======== ENTRIES PROVIDED

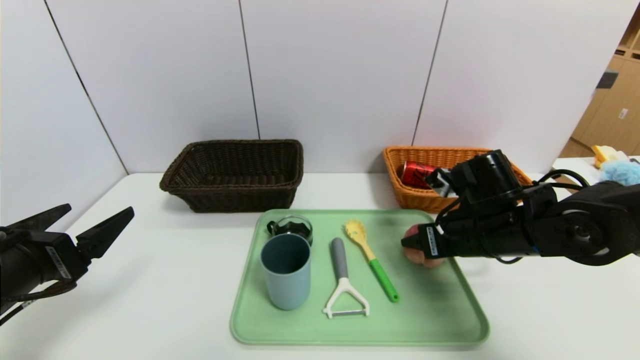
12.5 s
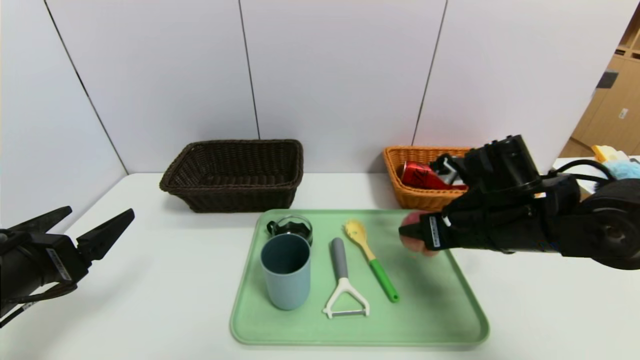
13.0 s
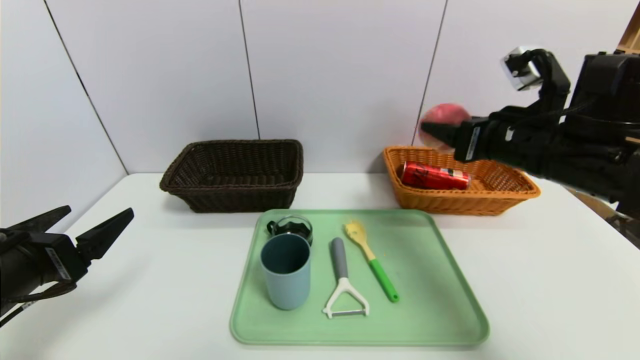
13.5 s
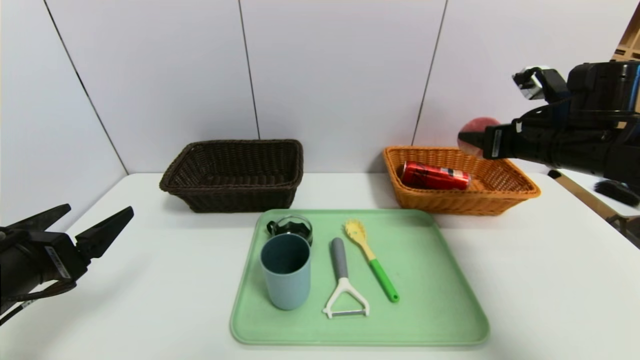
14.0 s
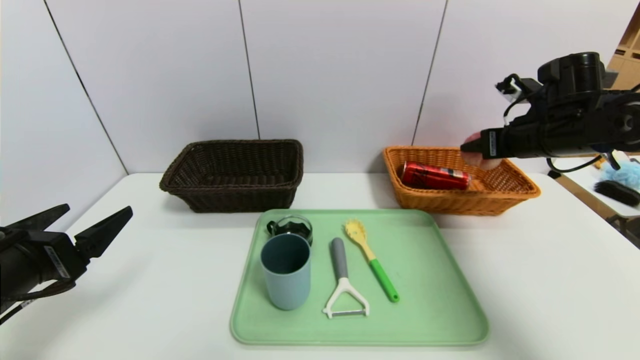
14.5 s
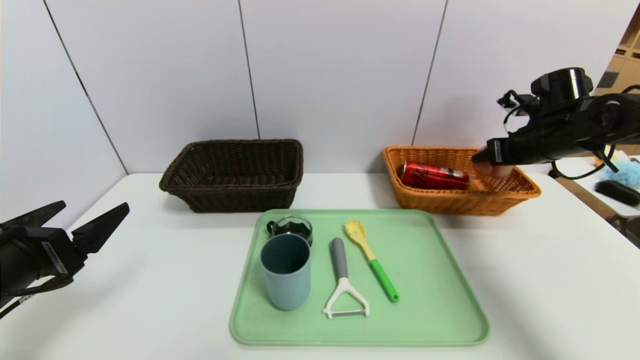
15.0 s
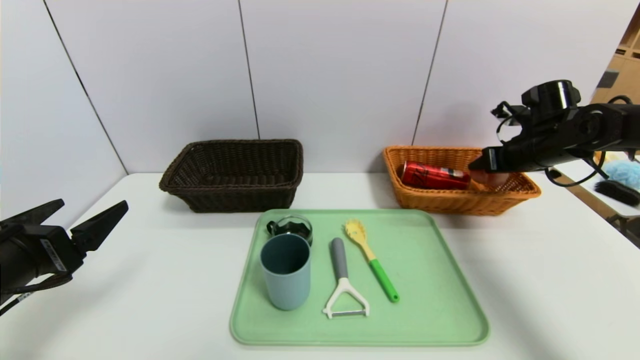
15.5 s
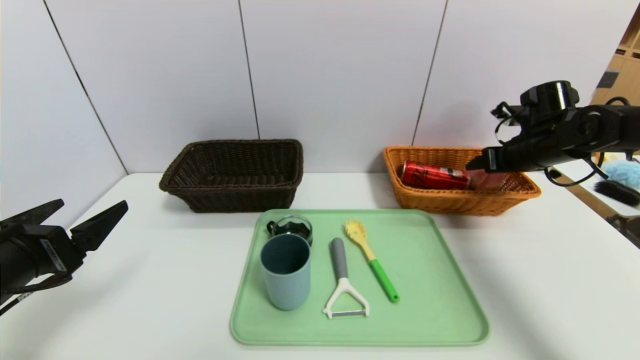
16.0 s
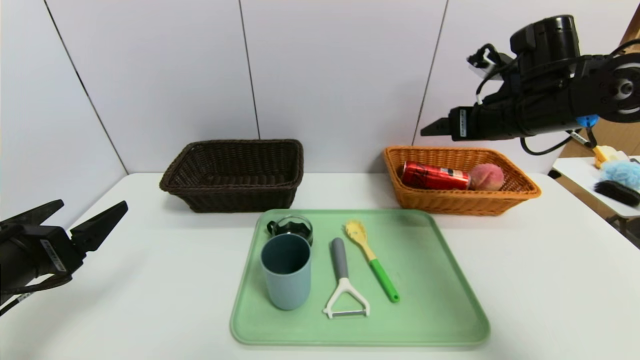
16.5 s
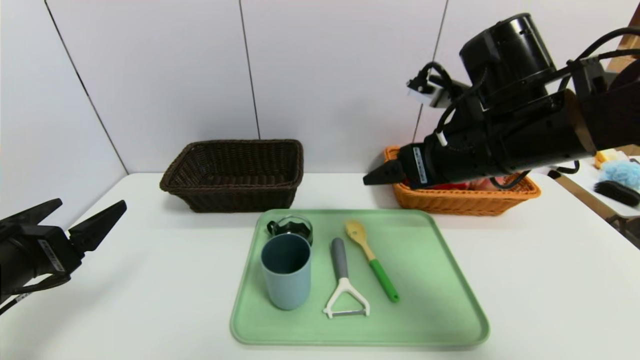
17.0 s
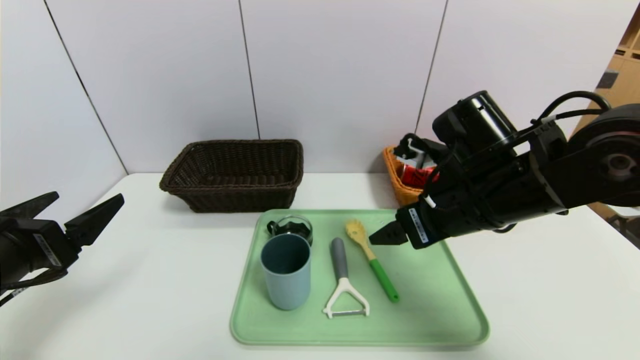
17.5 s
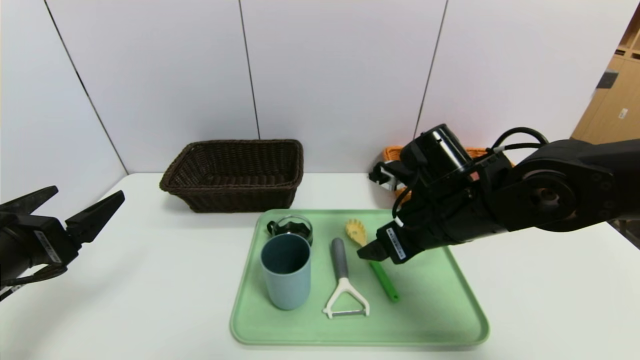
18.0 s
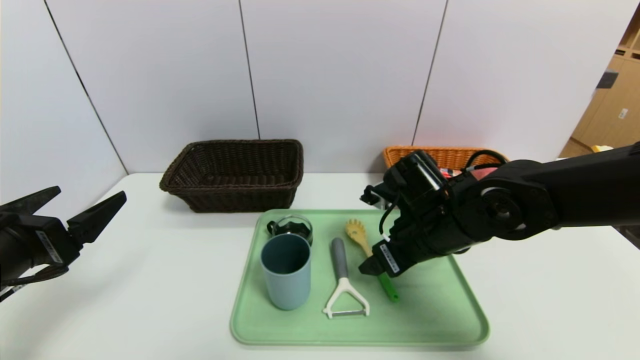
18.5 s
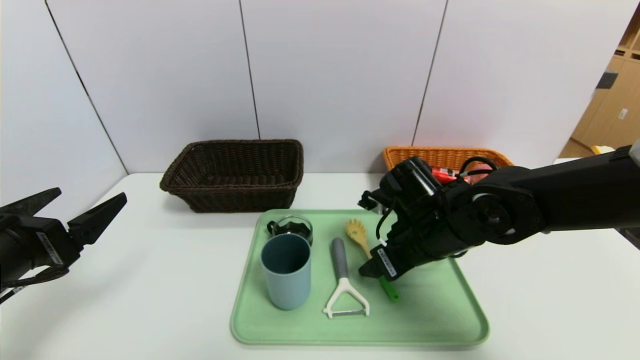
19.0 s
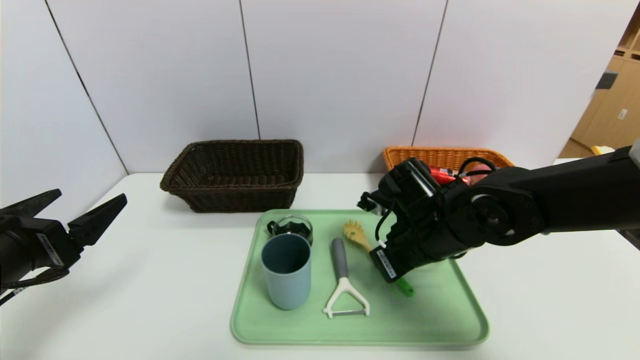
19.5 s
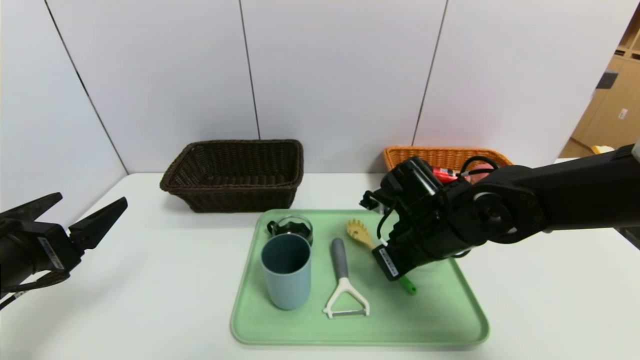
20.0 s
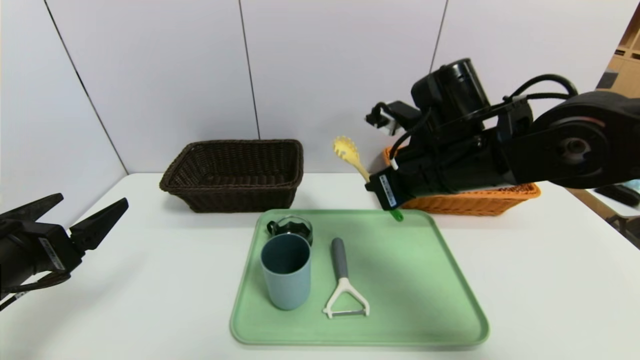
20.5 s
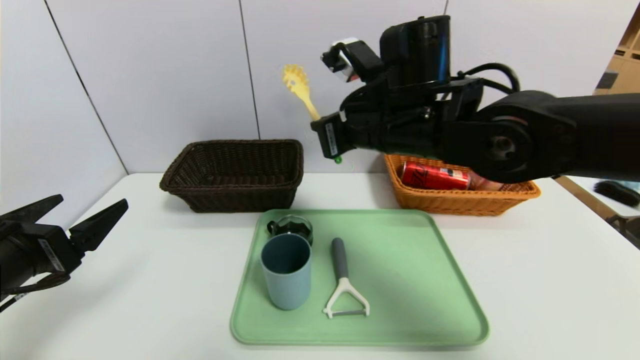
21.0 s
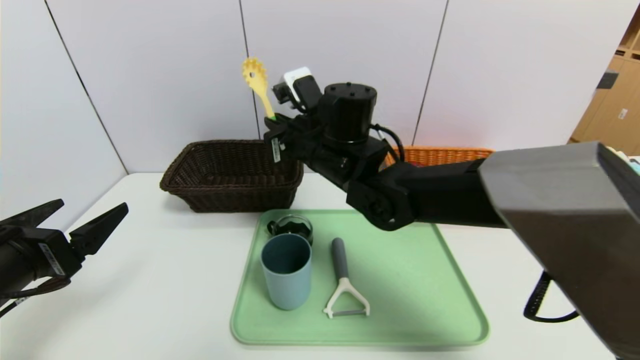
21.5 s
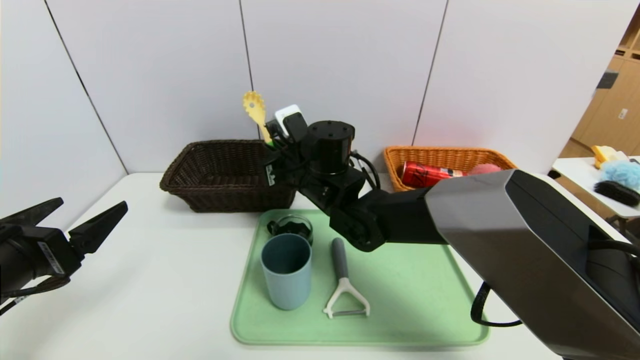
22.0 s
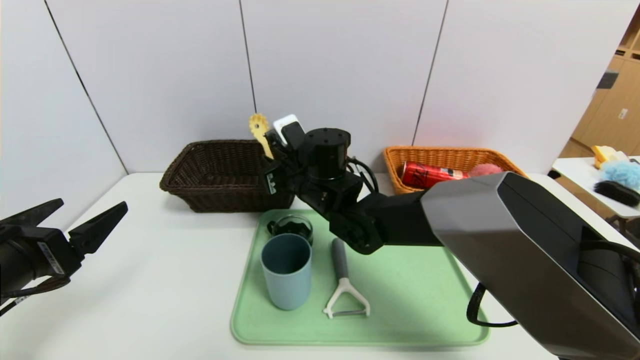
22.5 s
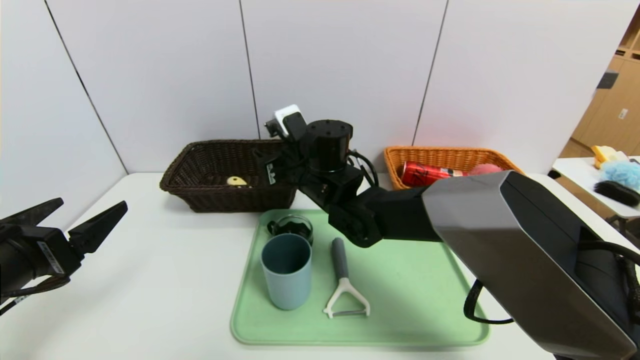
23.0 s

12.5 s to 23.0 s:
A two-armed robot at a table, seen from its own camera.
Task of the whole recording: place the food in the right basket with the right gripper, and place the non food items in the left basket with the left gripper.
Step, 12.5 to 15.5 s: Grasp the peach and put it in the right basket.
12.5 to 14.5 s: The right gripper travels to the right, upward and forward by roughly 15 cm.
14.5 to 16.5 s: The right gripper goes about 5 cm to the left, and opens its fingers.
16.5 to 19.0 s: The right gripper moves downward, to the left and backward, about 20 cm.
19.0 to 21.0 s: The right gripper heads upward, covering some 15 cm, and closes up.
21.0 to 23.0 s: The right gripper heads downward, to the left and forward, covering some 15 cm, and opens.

================

All that is wanted is each line, word for word, from the first line of the data to the one holding "12.5 s to 23.0", with the pictures left out.

12.5 s
13.0 s
13.5 s
14.0 s
14.5 s
15.0 s
15.5 s
16.0 s
16.5 s
17.0 s
17.5 s
18.0 s
18.5 s
19.0 s
19.5 s
20.0 s
20.5 s
21.0 s
21.5 s
22.0 s
22.5 s
23.0 s

12.5 s to 23.0 s:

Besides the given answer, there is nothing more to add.